**Task prompt**
This task calls for copying every line of the records that includes the word "units".

[Data excerpts]
• • •

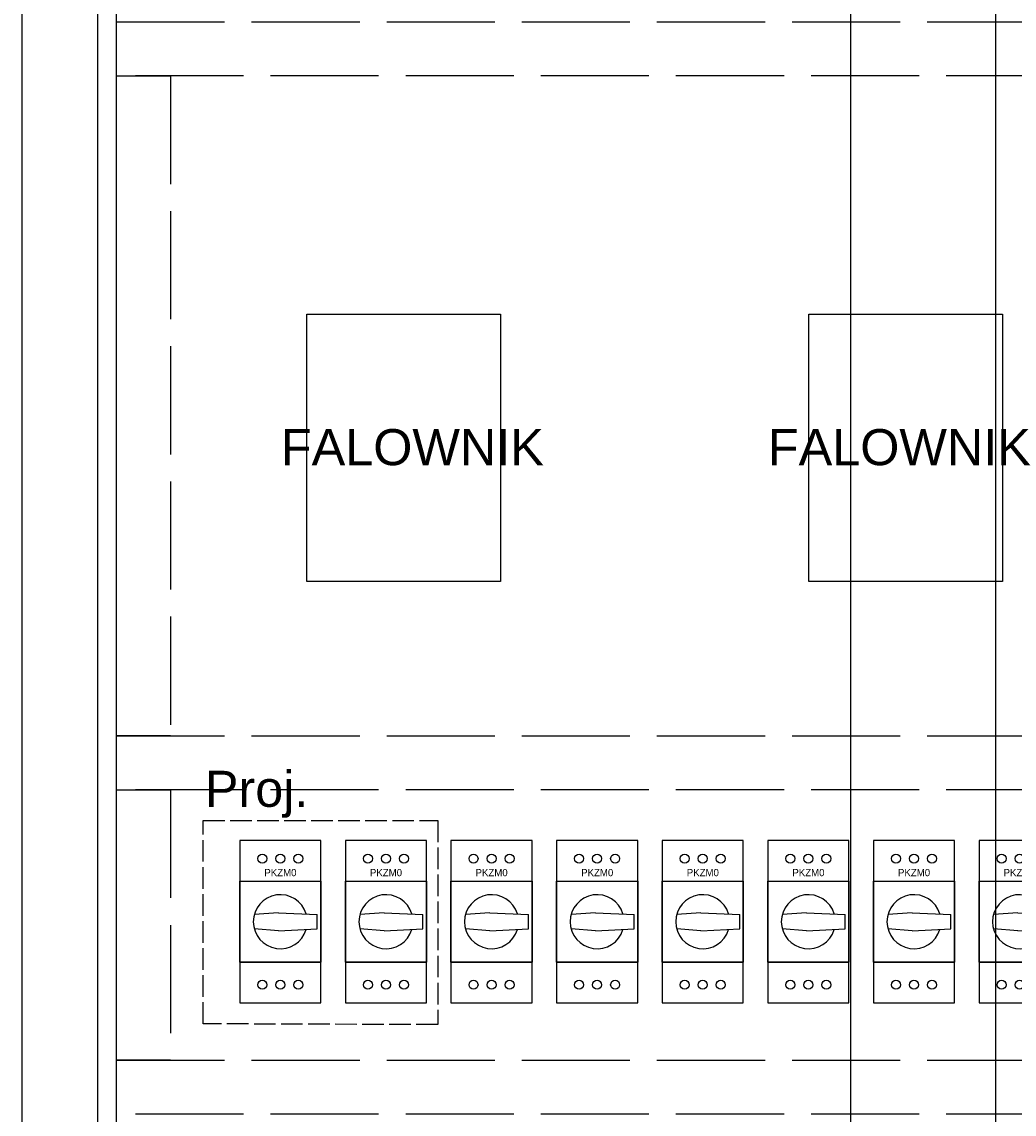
# Model space of a CAD drawing. Header units: centimetres. Extents: x -4250 to -484, y 169 to 6592.
# Tile 155 of 178: x -735 to -680, y 5639 to 5700. Entities that reach past the tile are written whole.
import ezdxf

# ---------------------------------------------------------------- set-up
doc = ezdxf.new("R2010")
doc.units = ezdxf.units.CM
doc.linetypes.add('ACAD_ISO02W100', pattern=[15, 12, -3])
doc.layers.add('1', color=7, linetype='Continuous')
doc.styles.add('ARIAL_CE', font='arial.ttf')

# ---------------------------------------------------------------- blocks, each defined once
blk = doc.blocks.new('072730')
at = {"layer": '1'}
for p, q in [((0, 6.75), (0, -2.25)), ((4.5, 6.75), (0, 6.75)), ((4.5, -2.25), (4.5, 6.75)), ((0, 0), (0, 4.5)), ((0, 0), (0, 4.5)), ((0, 4.5), (4.5, 4.5)), ((0, 4.5), (4.5, 4.5)), ((0, 4.5), (4.5, 4.5)), ((0, 4.5), (4.5, 4.5)), ((4.5, 4.5), (4.5, 0)), ((4.5, 4.5), (4.5, 0)), ((2.15, 2.75), (0.803, 2.646)), ((2.15, 2.75), (0.803, 2.646)), ((2.15, 2.75), (4.3, 2.65)), ((2.15, 2.75), (4.3, 2.65)), ((4.3, 1.85), (4.3, 2.65)), ((4.3, 1.85), (4.3, 2.65)), ((2.15, 1.75), (0.803, 1.854)), ((2.15, 1.75), (0.803, 1.854)), ((2.15, 1.75), (4.3, 1.85)), ((2.15, 1.75), (4.3, 1.85)), ((0, 0), (4.5, 0)), ((4.5, 0), (0, 0)), ((4.5, 0), (0, 0)), ((0, 0), (4.5, 0)), ((0, -2.25), (4.5, -2.25))]:
    blk.add_line(p, q, dxfattribs=at)
for centre in [(1.25, 5.75), (1.25, 5.75), (2.25, 5.75), (2.25, 5.75), (3.25, 5.75), (3.25, 5.75), (1.25, -1.25), (2.25, -1.25), (2.25, -1.25), (3.25, -1.25), (3.25, -1.25)]:
    blk.add_circle(centre, 0.25, dxfattribs=at)
blk.add_arc((2.25, 2.25), 1.5, 16.89916, 343.10084, dxfattribs=at)
blk.add_arc((2.25, 2.25), 1.5, 16.89916, 343.10084, dxfattribs=at)
at = {"flags": 1}
for tag, p in [('BD', (4.954, 3.983)), ('NK', (4.954, 2.273)), ('TYP', (4.909, 0.601)), ('PO', (4.909, -1.003))]:
    blk.add_attdef(tag, p, '', height=1, dxfattribs=at)
at = {"layer": '1'}
blk.add_text('PKZM0', height=0.4, dxfattribs=at).set_placement((1.363, 4.774))

msp = doc.modelspace()

# ---------------------------------------------------------------- linework, layer by layer
at = {"ltscale": 0.25}
for p, q in [((-689.4662, 5766.7622, 20), (-689.4662, 5566.7622, 20)), ((-681.4085, 5766.7622, 20), (-681.4085, 5566.7622, 20)), ((-730.198, 5573.7622, 20), (-730.198, 5761.7622, 20))]:
    msp.add_line(p, q, dxfattribs=at)
at = {"ltscale": 0.25, "elevation": 20}
for points in [[(-735.448, 5566.7622), (-635.4266, 5566.7622), (-635.4266, 5766.7622), (-735.448, 5766.7622)], [(-639.6052, 5761.7622), (-731.248, 5761.7622), (-731.248, 5573.7622), (-639.6052, 5573.7622)], [(-719.6229, 5683.8379), (-708.8821, 5683.8379), (-708.8821, 5669.0066), (-719.6229, 5669.0066)], [(-691.7647, 5683.8379), (-681.0239, 5683.8379), (-681.0239, 5669.0066), (-691.7647, 5669.0066)]]:
    msp.add_lwpolyline(points, close=True, dxfattribs=at)
at = {"linetype": 'ACAD_ISO02W100', "ltscale": 0.5, "elevation": 20}
for points in [[(-640.6457, 5697.0667), (-730.1981, 5697.0667), (-730.1981, 5700.0667), (-640.6457, 5700.0667)], [(-727.1981, 5697.0667), (-727.1981, 5660.4536), (-730.1981, 5660.4536), (-730.1981, 5697.0667)], [(-640.6456, 5657.4536), (-730.1981, 5657.4536), (-730.1981, 5660.4536), (-640.6456, 5660.4536)], [(-727.1981, 5657.4536), (-727.1981, 5642.4585), (-730.1981, 5642.4585), (-730.1981, 5657.4536)], [(-640.6457, 5639.4585), (-730.1981, 5639.4585), (-730.1981, 5642.4585), (-640.6457, 5642.4585)]]:
    msp.add_lwpolyline(points, close=True, dxfattribs=at)
at = {"color": 3, "linetype": 'ACAD_ISO02W100', "ltscale": 0.1}
msp.add_lwpolyline([(-725.3855, 5655.7511), (-712.3628, 5655.7511), (-712.3628, 5644.4257), (-725.3855, 5644.4693)], close=True, dxfattribs=at)

# ---------------------------------------------------------------- block references
at = {"ltscale": 0.25}
for p in [(-723.3529, 5647.8865, 20), (-717.4918, 5647.8865, 20), (-711.6307, 5647.8865, 20), (-705.7696, 5647.8865, 20), (-699.9085, 5647.8865, 20), (-694.0474, 5647.8865, 20), (-688.1863, 5647.8865, 20), (-682.3252, 5647.8865, 20)]:
    msp.add_blockref('072730', p, dxfattribs=at)

# ---------------------------------------------------------------- texts
at = {"style": 'ARIAL_CE'}
for p in [(-721.0694, 5675.4683), (-694.0414, 5675.4683)]:
    msp.add_text('FALOWNIK', height=2, dxfattribs=at).set_placement(p)
at = {"color": 3, "style": 'ARIAL_CE'}
msp.add_text('Proj.', height=2, dxfattribs=at).set_placement((-725.2873, 5656.5101))

doc.saveas('drawing.dxf')

• • •

**Output below**
# Model space of a CAD drawing. Header units: centimetres. Extents: x -4250 to -484, y 169 to 6592.
doc.units = ezdxf.units.CM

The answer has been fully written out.